London: Standard Chartered reported a 46 per cent drop in first-half profit as falling revenue outstripped cost cuts amid turbulent markets and slowing growth in emerging economies.
Adjusted pretax profit was $994 million in the first half compared to $1.8 billion a year earlier, the London-based lender said in a filing Wednesday. That fell short of the $1.12 billion average estimate of five analysts surveyed. Adjusted revenue fell 20 perc ent to $6.81 billion.
Chief executive officer Bill Winters, 54, in his first year in the job raised capital, suspended the dividend, and laid out plans for cutting 15,000 jobs and restructuring or divesting $100 billion of risky assets. A sharp drop in revenue and surging loan impairments drove the Asia-focused lender to its first annual loss since 1989 last year. Jose Vinals, an International Monetary Fund executive, was named the bank’s new chairman last week, adding to Winters’s rebuilt management team.
“Although our performance has substantially improved, income growth remains muted and returns are weak,” Winters said in the statement. “The progress we have made has been hard won, and has been achieved against a backdrop of deteriorating external conditions. Interest rate expectations are lower for longer than previously predicted, growth in our markets is slow and global trade volumes are down.”

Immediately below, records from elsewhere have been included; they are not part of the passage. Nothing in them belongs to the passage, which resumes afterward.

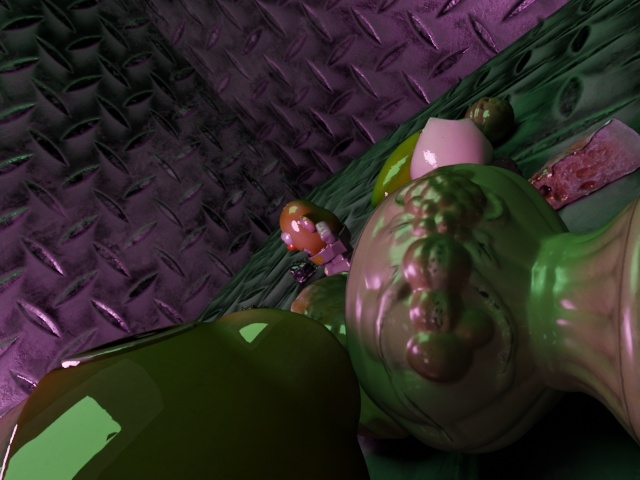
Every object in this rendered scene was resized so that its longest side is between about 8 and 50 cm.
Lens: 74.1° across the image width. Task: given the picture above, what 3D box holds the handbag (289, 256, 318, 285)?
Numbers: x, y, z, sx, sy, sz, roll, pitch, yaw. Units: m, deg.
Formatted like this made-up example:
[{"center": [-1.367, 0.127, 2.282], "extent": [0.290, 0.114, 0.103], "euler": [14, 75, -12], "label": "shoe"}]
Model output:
[{"center": [-0.047, 0.091, 1.588], "extent": [0.139, 0.072, 0.115], "euler": [-38, 11, 2], "label": "handbag"}]

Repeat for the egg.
[{"center": [0.360, -0.201, 1.102], "extent": [0.271, 0.162, 0.206], "euler": [3, -62, -55], "label": "egg"}]

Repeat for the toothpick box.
[{"center": [-0.158, 0.292, 0.424], "extent": [0.409, 0.409, 0.425], "euler": [-27, 17, 51], "label": "toothpick box"}]

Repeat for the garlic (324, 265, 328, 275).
[{"center": [0.046, 0.081, 1.406], "extent": [0.083, 0.041, 0.053], "euler": [-47, 23, 17], "label": "garlic"}]

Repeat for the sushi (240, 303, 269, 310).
[{"center": [-0.191, 0.264, 1.271], "extent": [0.287, 0.140, 0.149], "euler": [-24, 29, 54], "label": "sushi"}]

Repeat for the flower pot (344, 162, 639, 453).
[{"center": [0.199, 0.061, 0.407], "extent": [0.244, 0.307, 0.307], "euler": [-4, 38, 48], "label": "flower pot"}]

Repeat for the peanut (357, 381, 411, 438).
[{"center": [0.048, 0.209, 0.651], "extent": [0.147, 0.147, 0.319], "euler": [-47, 24, -21], "label": "peanut"}]

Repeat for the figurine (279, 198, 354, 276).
[{"center": [0.001, -0.001, 1.240], "extent": [0.167, 0.285, 0.343], "euler": [-47, 14, -28], "label": "figurine"}]

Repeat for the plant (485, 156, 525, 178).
[{"center": [0.375, -0.122, 0.948], "extent": [0.143, 0.092, 0.094], "euler": [-35, 21, 8], "label": "plant"}]

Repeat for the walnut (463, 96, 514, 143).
[{"center": [0.496, -0.354, 1.251], "extent": [0.140, 0.140, 0.162], "euler": [-24, 32, 57], "label": "walnut"}]

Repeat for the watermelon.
[{"center": [0.437, -0.119, 0.769], "extent": [0.241, 0.094, 0.154], "euler": [-41, 4, 19], "label": "watermelon"}]

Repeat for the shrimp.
[{"center": [0.130, 0.073, 0.672], "extent": [0.221, 0.109, 0.446], "euler": [12, 20, 37], "label": "shrimp"}]

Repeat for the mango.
[{"center": [0.292, -0.235, 1.426], "extent": [0.343, 0.156, 0.192], "euler": [-46, 11, -8], "label": "mango"}]

The bank trades at about half its book value after the stock plunged 39 per cent in 2015. The shares have climbed 4.6 per cent this year before today, avoiding the plunges many other UK-based banks have faced after the nation’s vote to leave the European Union.
Winters has been shrinking the balance sheet and tightening lending standards after his predecessor Peter Sands was replaced last June after eight years at the helm. The CEO has also hired several senior executives and cracked down on ethics within the bank after discovering some employees were acting “ above the law.”
HSBC Holdings, the other UK bank that gets most of its profit in Asia, said pretax profit fell 45 per cent to $3.61 billion in the second quarter from a year ago.